Section 11.12      Specific Performance.  The parties agree that irreparable damage would occur if any provision of this Agreement were not performed in accordance with the terms hereof and that the parties shall be entitled to specific performance of the terms hereof, in addition to any other remedy to which they are entitled at law or in equity.
 
Section 11.13      Counterparts.  This Agreement may be executed in counterparts, each of which shall be deemed an original, but all of which together shall be deemed to be one and the same agreement.
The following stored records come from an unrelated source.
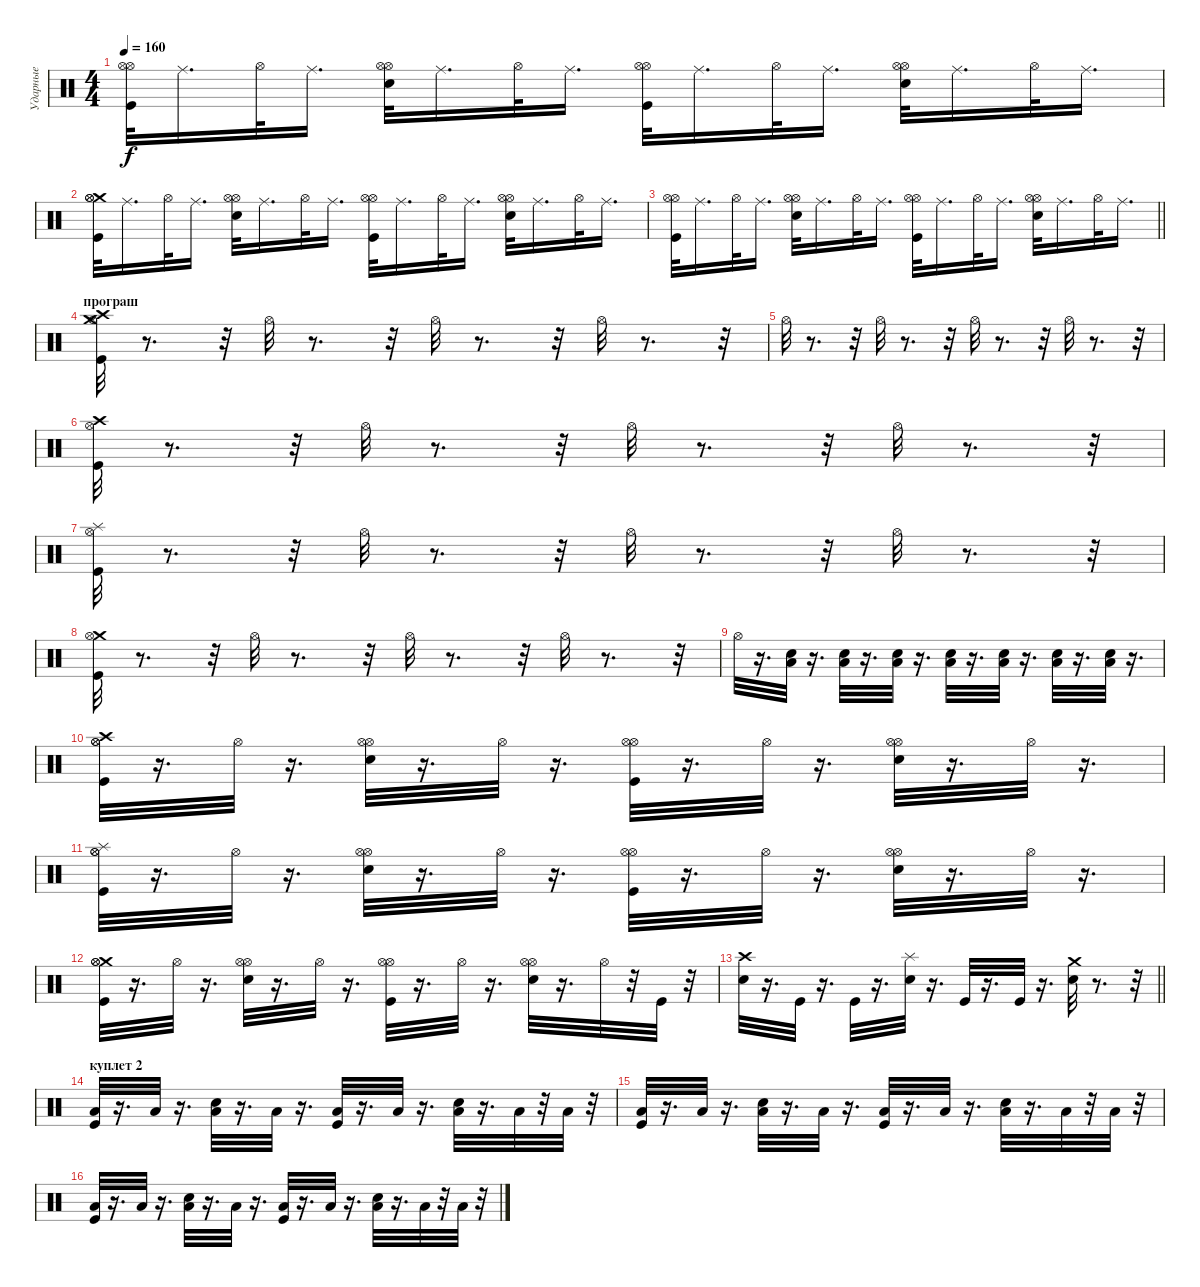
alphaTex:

\track ("Ударные" "Ударные") {instrument percussion}
\staff {score}
\articulation defaults
\ts (4 4)
\tempo 160
\clef neutral
\ks c
("Kick (hit)" "Hi-Hat (open)" "Hi-Hat (open)").32{dy f} "Ride (middle)".16{d} "Hi-Hat (open)".32 "Ride (middle)".16{d} ("Snare (hit) 2" "Hi-Hat (open)" "Hi-Hat (open)").32 "Ride (middle)".16{d} "Hi-Hat (open)".32 "Ride (middle)".16{d} ("Hi-Hat (open)" "Kick (hit)" "Hi-Hat (open)").32 "Ride (middle)".16{d} "Hi-Hat (open)".32 "Ride (middle)".16{d} ("Hi-Hat (open)" "Snare (hit) 2" "Hi-Hat (open)").32 "Ride (middle)".16{d} "Hi-Hat (open)".32 "Ride (middle)".16{d} |
("Crash medium (hit)" "Kick (hit)" "Hi-Hat (open)" "Hi-Hat (open)").32 "Ride (middle)".16{d} "Hi-Hat (open)".32 "Ride (middle)".16{d} ("Hi-Hat (open)" "Hi-Hat (open)" "Snare (hit) 2").32 "Ride (middle)".16{d} "Hi-Hat (open)".32 "Ride (middle)".16{d} ("Kick (hit)" "Hi-Hat (open)" "Hi-Hat (open)").32 "Ride (middle)".16{d} "Hi-Hat (open)".32 "Ride (middle)".16{d} ("Snare (hit) 2" "Hi-Hat (open)" "Hi-Hat (open)").32 "Ride (middle)".16{d} "Hi-Hat (open)".32 "Ride (middle)".16{d} |
\barLineRight lightlight
("Kick (hit)" "Hi-Hat (open)" "Hi-Hat (open)").32 "Ride (middle)".16{d} "Hi-Hat (open)".32 "Ride (middle)".16{d} ("Hi-Hat (open)" "Snare (hit) 2" "Hi-Hat (open)").32 "Ride (middle)".16{d} "Hi-Hat (open)".32 "Ride (middle)".16{d} ("Kick (hit)" "Hi-Hat (open)" "Hi-Hat (open)").32 "Ride (middle)".16{d} "Hi-Hat (open)".32 "Ride (middle)".16{d} ("Snare (hit) 2" "Hi-Hat (open)" "Hi-Hat (open)").32 "Ride (middle)".16{d} "Hi-Hat (open)".32 "Ride (middle)".16{d} |
\section ("" "програш")
("Hi-Hat (open)" "Crash medium (hit)" "Crash high (hit)" "Kick (hit)").32 r.8{d} r.32 "Hi-Hat (open)".32 r.8{d} r.32 "Hi-Hat (open)".32 r.8{d} r.32 "Hi-Hat (open)".32 r.8{d} r.32 |
"Hi-Hat (open)".32 r.8{d} r.32 "Hi-Hat (open)".32 r.8{d} r.32 "Hi-Hat (open)".32 r.8{d} r.32 "Hi-Hat (open)".32 r.8{d} r.32 |
("Kick (hit)" "Crash high (hit)" "Hi-Hat (open)").32 r.8{d} r.32 "Hi-Hat (open)".32 r.8{d} r.32 "Hi-Hat (open)".32 r.8{d} r.32 "Hi-Hat (open)".32 r.8{d} r.32 |
("Kick (hit)" "Splash (hit)" "Hi-Hat (open)").32 r.8{d} r.32 "Hi-Hat (open)".32 r.8{d} r.32 "Hi-Hat (open)".32 r.8{d} r.32 "Hi-Hat (open)".32 r.8{d} r.32 |
("Kick (hit)" "Crash medium (hit)" "Hi-Hat (open)").32 r.8{d} r.32 "Hi-Hat (open)".32 r.8{d} r.32 "Hi-Hat (open)".32 r.8{d} r.32 "Hi-Hat (open)".32 r.8{d} r.32 |
"Hi-Hat (open)".32 r.16{d} ("Snare (hit) 2" "Low Floor Tom (hit)").32 r.16{d} ("Snare (hit) 2" "Low Floor Tom (hit)").32 r.16{d} ("Low Floor Tom (hit)" "Snare (hit) 2").32 r.16{d} ("Snare (hit) 2" "Low Floor Tom (hit)").32 r.16{d} ("Snare (hit) 2" "Low Floor Tom (hit)").32 r.16{d} ("Low Floor Tom (hit)" "Snare (hit) 2").32 r.16{d} ("Snare (hit) 2" "Low Floor Tom (hit)").32 r.16{d} |
("Kick (hit)" "Crash high (hit)" "Hi-Hat (open)" "Hi-Hat (open)").32 r.16{d} "Hi-Hat (open)".32 r.16{d} ("Snare (hit) 2" "Hi-Hat (open)" "Hi-Hat (open)").32 r.16{d} "Hi-Hat (open)".32 r.16{d} ("Kick (hit)" "Hi-Hat (open)" "Hi-Hat (open)").32 r.16{d} "Hi-Hat (open)".32 r.16{d} ("Snare (hit) 2" "Hi-Hat (open)" "Hi-Hat (open)").32 r.16{d} "Hi-Hat (open)".32 r.16{d} |
("Kick (hit)" "Splash (hit)" "Hi-Hat (open)" "Hi-Hat (open)").32 r.16{d} "Hi-Hat (open)".32 r.16{d} ("Snare (hit) 2" "Hi-Hat (open)" "Hi-Hat (open)").32 r.16{d} "Hi-Hat (open)".32 r.16{d} ("Kick (hit)" "Hi-Hat (open)" "Hi-Hat (open)").32 r.16{d} "Hi-Hat (open)".32 r.16{d} ("Snare (hit) 2" "Hi-Hat (open)" "Hi-Hat (open)").32 r.16{d} "Hi-Hat (open)".32 r.16{d} |
("Kick (hit)" "Crash medium (hit)" "Hi-Hat (open)" "Hi-Hat (open)").32 r.16{d} "Hi-Hat (open)".32 r.16{d} ("Snare (hit) 2" "Hi-Hat (open)" "Hi-Hat (open)").32 r.16{d} "Hi-Hat (open)".32 r.16{d} ("Kick (hit)" "Hi-Hat (open)" "Hi-Hat (open)").32 r.16{d} "Hi-Hat (open)".32 r.16{d} ("Snare (hit) 2" "Hi-Hat (open)" "Hi-Hat (open)").32 r.16{d} "Hi-Hat (open)".32 r.32 "Kick (hit)".32 r.32 |
\barLineRight lightlight
("Crash high (hit)" "Snare (hit) 2").32 r.16{d} "Kick (hit)".32 r.16{d} "Kick (hit)".32 r.16{d} ("Splash (hit)" "Snare (hit) 2").32 r.16{d} "Kick (hit)".32 r.16{d} "Kick (hit)".32 r.16{d} ("Crash medium (hit)" "Snare (hit) 2").32 r.8{d} r.32 |
\section ("" "куплет 2")
("Kick (hit)" "Low Floor Tom (hit)").32 r.16{d} "Low Floor Tom (hit)".32 r.16{d} ("Low Floor Tom (hit)" "Snare (hit) 2").32 r.16{d} "Low Floor Tom (hit)".32 r.16{d} ("Kick (hit)" "Low Floor Tom (hit)").32 r.16{d} "Low Floor Tom (hit)".32 r.16{d} ("Low Floor Tom (hit)" "Snare (hit) 2").32 r.16{d} "Low Floor Tom (hit)".32 r.32 "Low Floor Tom (hit)".32 r.32 |
("Kick (hit)" "Low Floor Tom (hit)").32 r.16{d} "Low Floor Tom (hit)".32 r.16{d} ("Low Floor Tom (hit)" "Snare (hit) 2").32 r.16{d} "Low Floor Tom (hit)".32 r.16{d} ("Low Floor Tom (hit)" "Kick (hit)").32 r.16{d} "Low Floor Tom (hit)".32 r.16{d} ("Snare (hit) 2" "Low Floor Tom (hit)").32 r.16{d} "Low Floor Tom (hit)".32 r.32 "Low Floor Tom (hit)".32 r.32 |
("Kick (hit)" "Low Floor Tom (hit)").32 r.16{d} "Low Floor Tom (hit)".32 r.16{d} ("Low Floor Tom (hit)" "Snare (hit) 2").32 r.16{d} "Low Floor Tom (hit)".32 r.16{d} ("Kick (hit)" "Low Floor Tom (hit)").32 r.16{d} "Low Floor Tom (hit)".32 r.16{d} ("Low Floor Tom (hit)" "Snare (hit) 2").32 r.16{d} "Low Floor Tom (hit)".32 r.32 "Low Floor Tom (hit)".32 r.32

A signed copy of this Agreement delivered by facsimile, e-mail or other means of electronic transmission shall be deemed to have the same legal effect as delivery of an original signed copy of this Agreement.
 
[SIGNATURE PAGE FOLLOWS]
 
 
42

 
 
IN WITNESS WHEREOF, the parties hereto have caused this Agreement to be executed as of the date first written above by their respective officers thereunto duly authorized.
 
  REGEN BIOLOGICS, INC.
   
     
 
By  
 /s/ Gerald E. Bisbee, Jr
     
  Name:   Gerald E. Bisbee, Jr., Ph.D.
   
  Title:  President and CEO
 
 
 
 
SPORTS MEDICINE HOLDING
COMPANY, LLC
   
     
 
By
 /s/ Robert W. Pangia
     
  Name:  Robert W. Pangia
   
  Title:    Manager
 
 
 
  RBIO, INC.
   
     
 
By
  /s/  Gerald E. Bisbee, Jr
     
  Name:   Gerald E. Bisbee, Jr., Ph.D.